The February jobs decline poses a sticky situation for the Federal Reserve as it seeks to bolster employment while keeping inflation at bay, experts say. Cutting rates could help kick-start the labor market, but the Fed would also risk fueling inflation, which has become a central concern as the war in Iran drives up global energy prices.

Fed officials will be grappling with whether February’s data is a blip or if it reflects a longer-term trend, experts noted.

“Today’s data show that the labor market has averaged essentially zero net job creation over the past six months,” Cory Stahle, an economist for Indeed Hiring Lab, said in an email. “The key question now is whether February was a temporary setback or the start of a more concerning trend.”

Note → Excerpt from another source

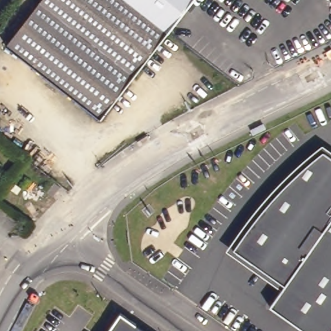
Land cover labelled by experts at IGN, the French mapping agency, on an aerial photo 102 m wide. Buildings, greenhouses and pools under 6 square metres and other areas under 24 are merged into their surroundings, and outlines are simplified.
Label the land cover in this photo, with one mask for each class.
<instances>
[{"label":"impervious surface","instance_id":"1","mask_svg":"<svg viewBox=\"0 0 331 331\"><path fill-rule=\"evenodd\" d=\"M43 0H26L10 18L0 37V131L8 137H17L14 144L26 149L30 155L40 150L35 164L59 180L57 185L50 186L44 193L41 191L43 187L35 184L28 185L27 190L25 187L13 186L9 191V202L26 211L34 221L35 229L28 238L8 237L14 220L0 209V331H23L34 313L35 303H39L40 297L44 295L45 288L59 281L87 283L93 292L103 297L109 305L100 319L94 323L92 330H84L91 315L85 312L83 306L78 305L74 312L67 315L57 309L49 310L47 319L37 331H109L112 322L119 315H123L141 331H295L269 312L270 304L278 295L277 290L262 281L255 282V275L229 259L225 251L251 213L297 164L303 162L306 156L318 147H326L331 151V101L325 102V109L315 111V114L305 111L303 120L290 125L286 132L279 134L243 171L238 172V177L224 191L219 202L198 222L199 229H195L184 247H178L175 242L189 224V212L195 206V200L190 202V198H181L168 208V211L162 209L160 216H156L158 224L145 231L141 248H144L142 253L149 257L150 264L162 259L165 253L173 255V265L163 278L147 272L136 262H125L120 259L112 238V229L120 211L132 202V199L138 197L146 187L154 185L182 165L198 158V151L208 153L244 133L257 136L265 132L266 123L270 120L277 119L331 92V0H203L200 5L190 6L171 35L176 39L180 35L182 41L197 50L200 56L212 63L217 70L238 81L237 87L195 109H190V100L198 102L194 94L206 97L208 92L212 91L213 84L208 78H202V72L195 69L182 49L177 48L176 44L169 40V35L165 34L164 39L156 47L158 53L154 54L153 61L158 62V65L153 67L154 74L141 75L138 80L132 79L128 84L127 101L124 102L122 111L112 110L107 115L105 123L96 122L69 97L63 96L56 89L45 87V80L40 78L39 74L4 48V44L13 39ZM129 137L136 138L137 142L128 146L122 153L112 156L103 163V168H96L94 163L100 156L109 153Z\"/></svg>","mask_w":331,"mask_h":331},{"label":"building","instance_id":"2","mask_svg":"<svg viewBox=\"0 0 331 331\"><path fill-rule=\"evenodd\" d=\"M203 0H43L13 39L4 44V48L39 74L40 78L45 80V87L56 89L63 96L69 97L96 122L105 123L107 115L112 110L122 111L124 102L127 101L128 84L132 79L138 80L141 75L154 74L153 67L158 65V62L153 61L154 54L158 53L156 47L164 39L165 34L169 35H171L190 6L200 5ZM229 259L255 275V282L262 281L277 290L278 295L270 304L269 312L295 331H331V151L326 147H318L306 156L303 162L297 164L251 213L225 251ZM109 331H141L123 315H119L112 322Z\"/></svg>","mask_w":331,"mask_h":331},{"label":"herbaceous vegetation","instance_id":"3","mask_svg":"<svg viewBox=\"0 0 331 331\"><path fill-rule=\"evenodd\" d=\"M169 40L176 44L177 48L182 49L195 69L202 72V78H208L213 84L212 91L208 92L206 97L194 94L198 102L190 100V109H195L237 87L238 81L217 70L212 63L200 56L197 50L182 41L180 35L176 39L171 35H169ZM331 101V92L277 119L270 120L266 123L265 132L257 136L244 133L208 153L198 151V158L182 165L154 185L146 187L138 197L132 199V202L120 211L112 229V238L120 259L125 262H136L147 272L163 278L173 265V255L165 253L162 259L150 264L149 257L142 253L144 248H141L145 231L158 224L156 216H160L162 209L168 211V208L181 198H190V202L195 200V206L189 212V224L175 242L178 247H184L195 229H199L198 222L219 202L224 191L238 177V172L243 171L279 134L286 132L290 125L303 120L305 111L315 114V111L325 109V102ZM137 142L136 138L129 137L109 153L100 156L94 163L96 168H103V163L112 156L122 153L128 146ZM34 313L23 331H37L47 319L49 310L57 309L67 315L74 312L78 305L83 306L85 312L91 315L84 330H92L94 323L100 319L109 305L103 297L93 292L87 283L59 281L45 288L44 295L40 297L39 303H35Z\"/></svg>","mask_w":331,"mask_h":331},{"label":"brushwood","instance_id":"4","mask_svg":"<svg viewBox=\"0 0 331 331\"><path fill-rule=\"evenodd\" d=\"M26 0H0V37L10 18ZM17 137H8L0 131V209L14 220L8 237L28 238L35 229L34 221L26 211L9 202V191L13 186L25 187L27 190L28 185L35 184L43 187L41 191L44 193L50 186L57 185L59 180L35 164L40 150L30 155L26 149L14 144Z\"/></svg>","mask_w":331,"mask_h":331}]
</instances>

The Fed’s next rate decision will be announced on March 18.

“Today’s numbers may have put the Fed between a rock and a hard place,” Ellen Zentner, chief economic strategist for Morgan Stanley Wealth Management, said in an email. “Significant weakening in the labor market would support a rate cut, but given the risk that higher-for-longer oil prices could trigger another inflation surge, the Fed may feel compelled remain on the sidelines.”

Inflation fears, fueled by rising oil prices due to the widening Iran war, are already rattling parts of the U.S. economy such as the housing market, where mortgage rates recently edged up to 6%. The price for Brent oil, the international benchmark, hit $90 per barrel on Friday as the conflict escalated.